Defeat. I hurt bad. I felt defeated. I saw my surgeon. All physical therapy has been postponed for two weeks until after my follow up with him this week. I can’t lift, drive, excercise or even wash the left side of my head with it. I can only do two movement excercises that were the first two I could do after surgery. Square one, I found myself standing on square one yet again. This was fall number 3 on it since surgery and by far the worst.

Is it ok? We don’t know. I can only hope so. We see the Doc Thursday and he will decide then if I go for another MRI.

I had been making progress. I had been able to reach slightly above shoulder level without pain. Just the week before I was able to pull a parking ticket from the dispenser at the garage entrance to my physical therapy facility. Woo Hoo! I started to have visions of hopefully returning to yoga class in another couple months. At this moment hopes of a return to yoga class are but a long term goal.

Deafeated mindset syndrome. Yes I made that up. It’s a place I do not want to be. It is something that I must be aware of, acknowledge and move on from. Defeat is an emotional feeling that is so easy for the ego to grab onto and make part of its identity. I mustn’t allow my ego to grasp defeatism. I am better than that. I have found that the ego will grasp anything, either good or bad, and run with it as long as it is able to use such to inflate itself.

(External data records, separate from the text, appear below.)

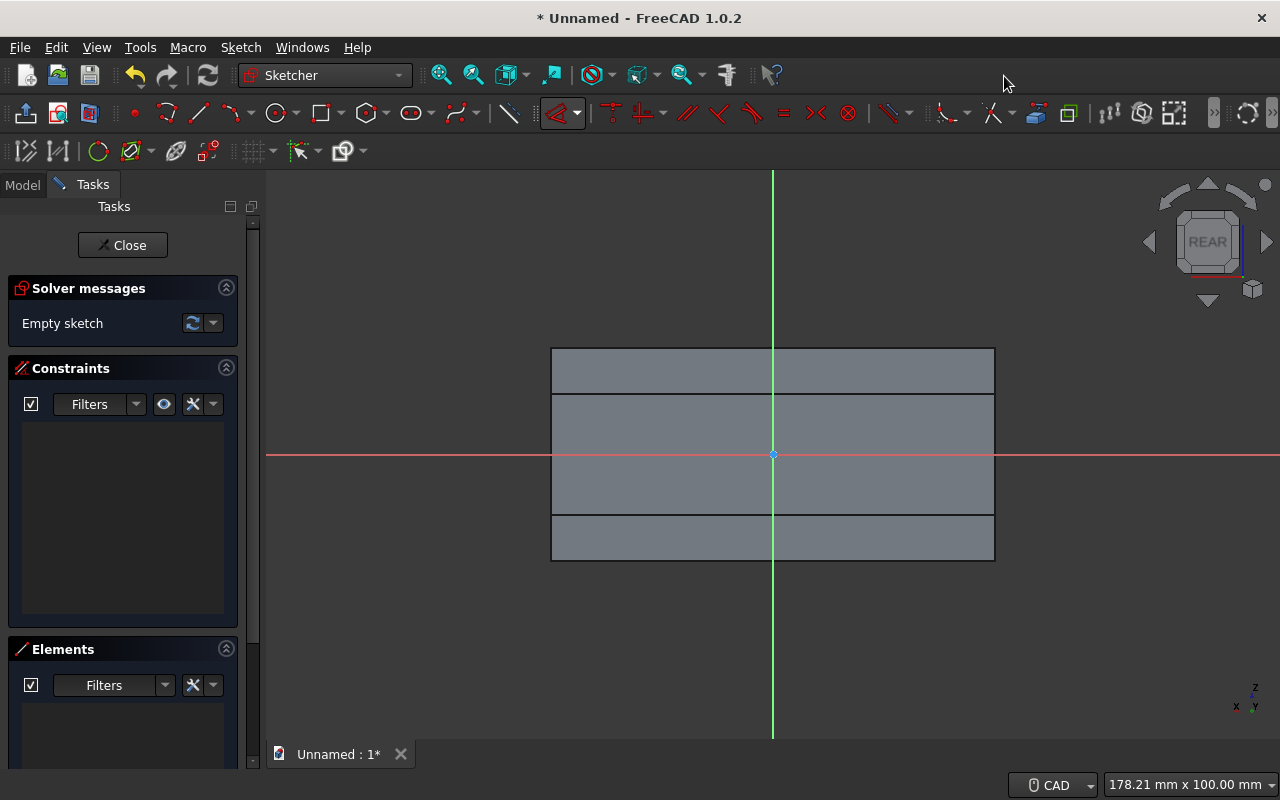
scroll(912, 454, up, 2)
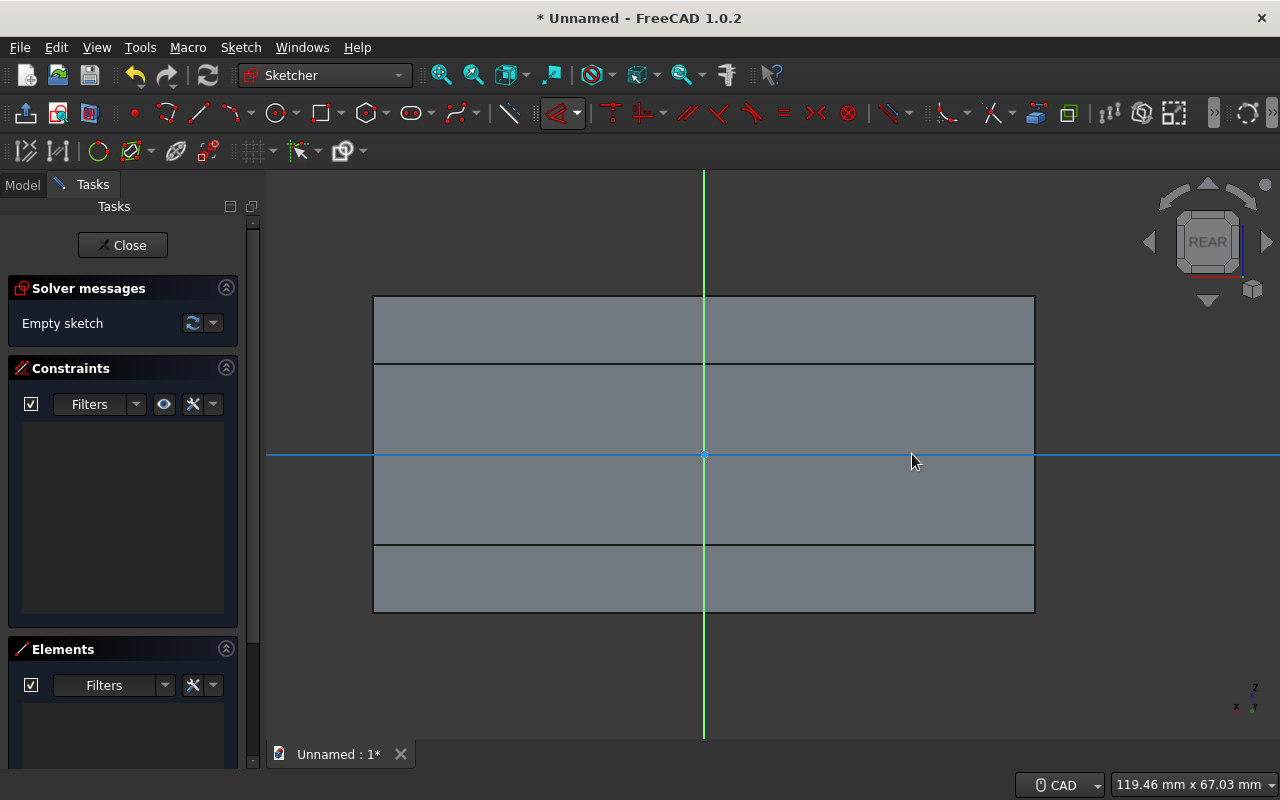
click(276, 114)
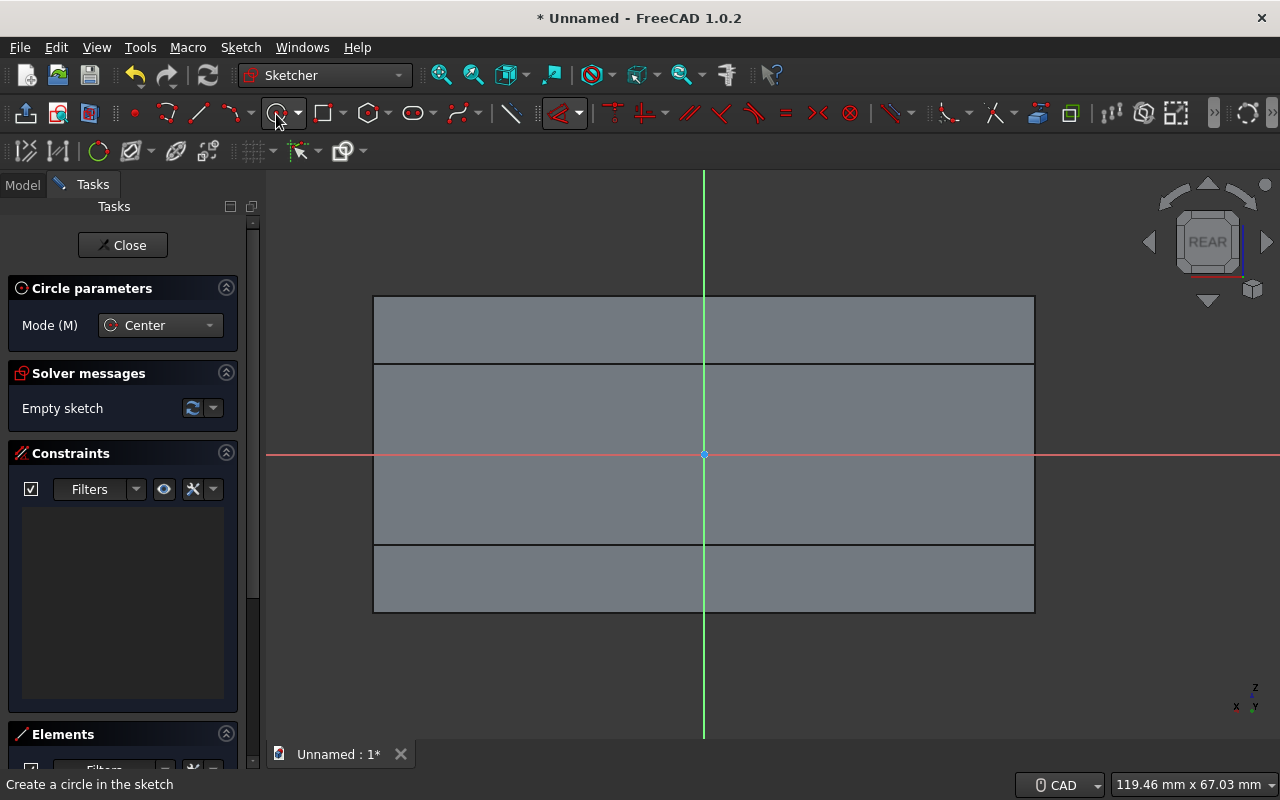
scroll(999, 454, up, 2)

Humility. By denying my ego an inflated sense of self through undesirable identities, I can choose better things such as recovery, healing, strength and movement. This is not permanent. This is simply life. Life has challenges. Challenges strengthen us. I am able. I must work smarter and work harder.

When I remain humble and accept what is, I must have faith and believe in my ability. I will then improve, overcome and grow.

Obstacles I have. That’s all this is, an obstacle.

Laughter

It’s Sunday evening and it’s been a busy day. I didn’t even get to post one thing until a few moments ago I finally had a moment to get Beard of the day up. Busy is good so that makes it a good day.

I found the Beard of the day pic quite humorous and that got me onto laughter. I believe that laughter is healing. I try to laugh as much as I can but sometimes I still get too serious and have to stop and remind myself to laugh. Laughing at myself will often help in a situation like that.

So as usual when thinking of a post I Googled laughter. Google gets a lot of hits from me, I hope they notice. That big fat Google rewards check would sure come in handy, I mean they do keep track of rewards points….right?

Hopefully one if these quotes will brighten your day and maybe even help make a humdrum Monday better. All you have to do is click to make it larger.

WooHoo!

Laughter is just a smile having an orgasm. Go ahead and treat your beautiful smile to one!

Laughter is just a smile having an orgasm. Go ahead and treat your beautiful smile to one!